Зимка ахнула, как пронзенная, но старик, даже открыв глаза, не видел ее – уставился в пышный навес кровати.
– Ничего, – пролепетала она.
– И вот еще что, – сказал чародей после нового, не столь уже продолжительного молчания. – Ты – гуляй. Чтобы никто не видел тебя дважды в одном и том же платье… – он говорил с трудом, преодолевая себя, усилием воли. – Чтобы толпа ползала у твоих ног… Выезды… драгоценности, узорочье… Пусть послы описывают твои наряды, как дело государственной важности… Ты отблеск моей власти.
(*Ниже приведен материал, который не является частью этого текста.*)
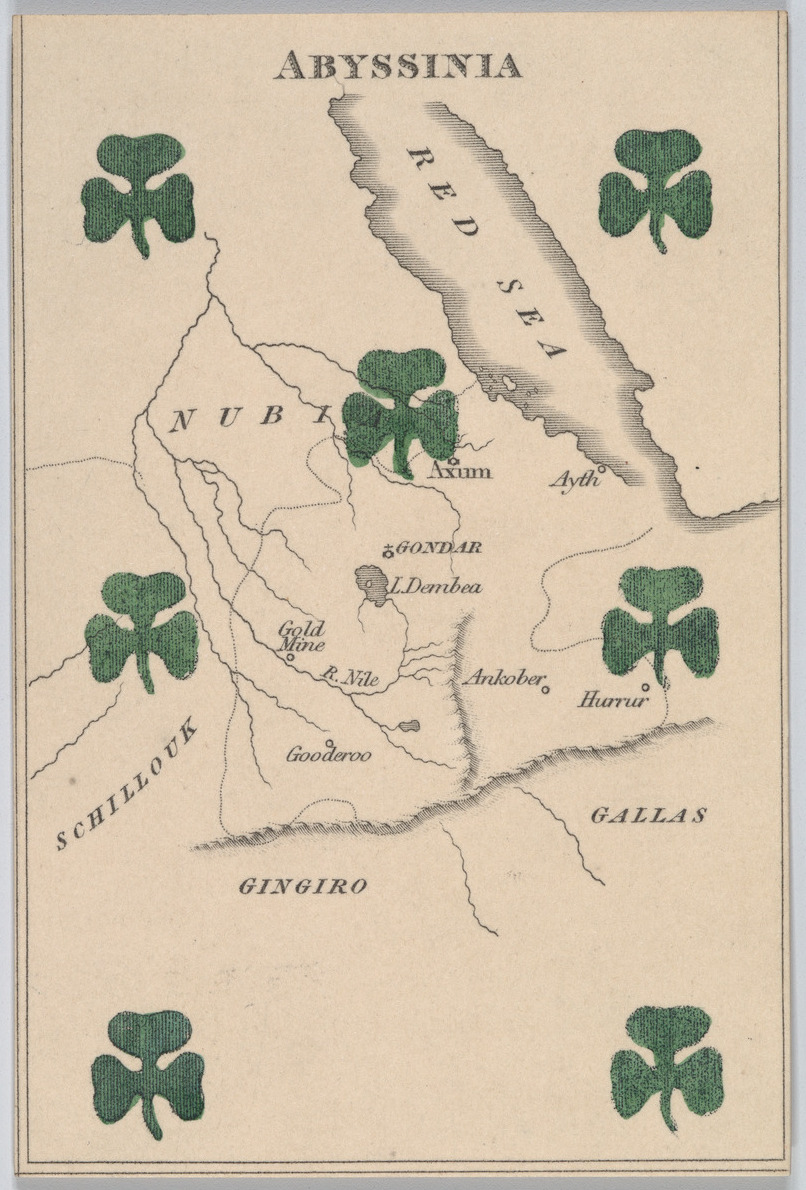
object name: print
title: Abyssinia, from "Court Game of Geography"
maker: william and henry rock
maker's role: publisher
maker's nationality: british
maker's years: 1821-1884
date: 1838-1855
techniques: engraving, hand coloring
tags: playing cards,maps
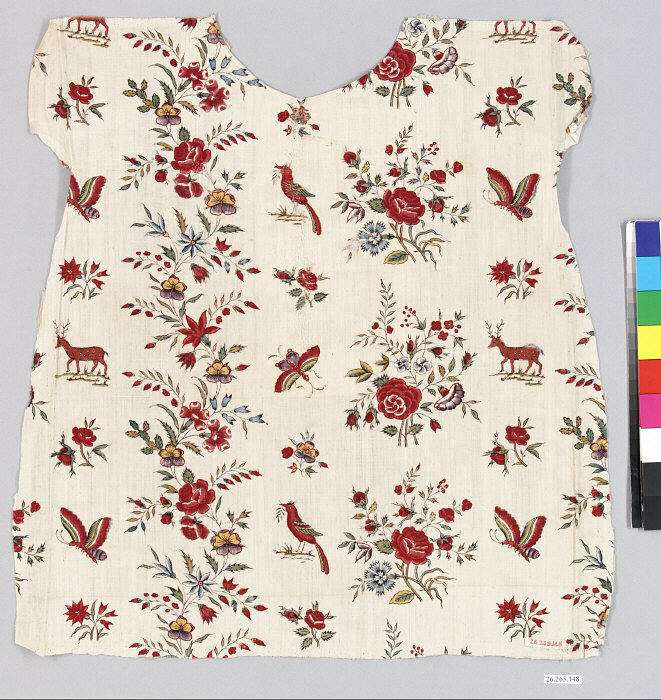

– Я обязана тебе всем! – воскликнула Зимка со страстью, которую подсказывал ей только что пережитый испуг. Она бросилась на колени и схватила расслабленную пясть старика. – Разрази меня гром, если я забуду твои благодеяния! Я твоя вещь, твоя ветошка, тряпка у твоих ног… – она принялась слюнявить обезображенные кислотой безжизненные пальцы, укрепляя себя во лжи самой чрезмерностью выражений.
– Пустое это, пустое, – равнодушно отозвался старик. – Иди. Иди, говорю. Столицу не покидай. Я тебе позову.
Прихрамывая от жаркой боли в колене, Зимка двинулась к выходу.
Была глубокая ночь на пороге утра, но Лжевидохин давно уж не различал свет и тьму. Он оставил постель для деятельных занятий. Сначала, пошарив на пыльном, липком столике, он принял одну за другой несколько взбадривающих пилюль, потом с известными предосторожностями поднялся и надел засаленный, с обтрепанными рукавами халат.
В душном логове старика царило невероятное запустение. Никому не доверяя, он не пускал слуг даже для уборки. Обратившийся в Лжевидохина Рукосил давно утратил прежнюю чистоплотность, это достойное свойство выродилось, как и многое другое, ставши своей противоположностью: любовь к порядку обернулась пристрастием к неподвижности, к заплесневелому покою. Ветер перемен унес все, назначенное для украшения, для радости, а уцелело главное – страсть к власти, единственное, что связывало его с жизнью. Дряхлый чародей забыл то, что воодушевляло его на пути к цели, что облекало страсть в красивые и пышные одежды: ветер судьбы совлек покровы, и обнажилась закаменевшая, затвердевшая суть – скелет вместо живой плоти.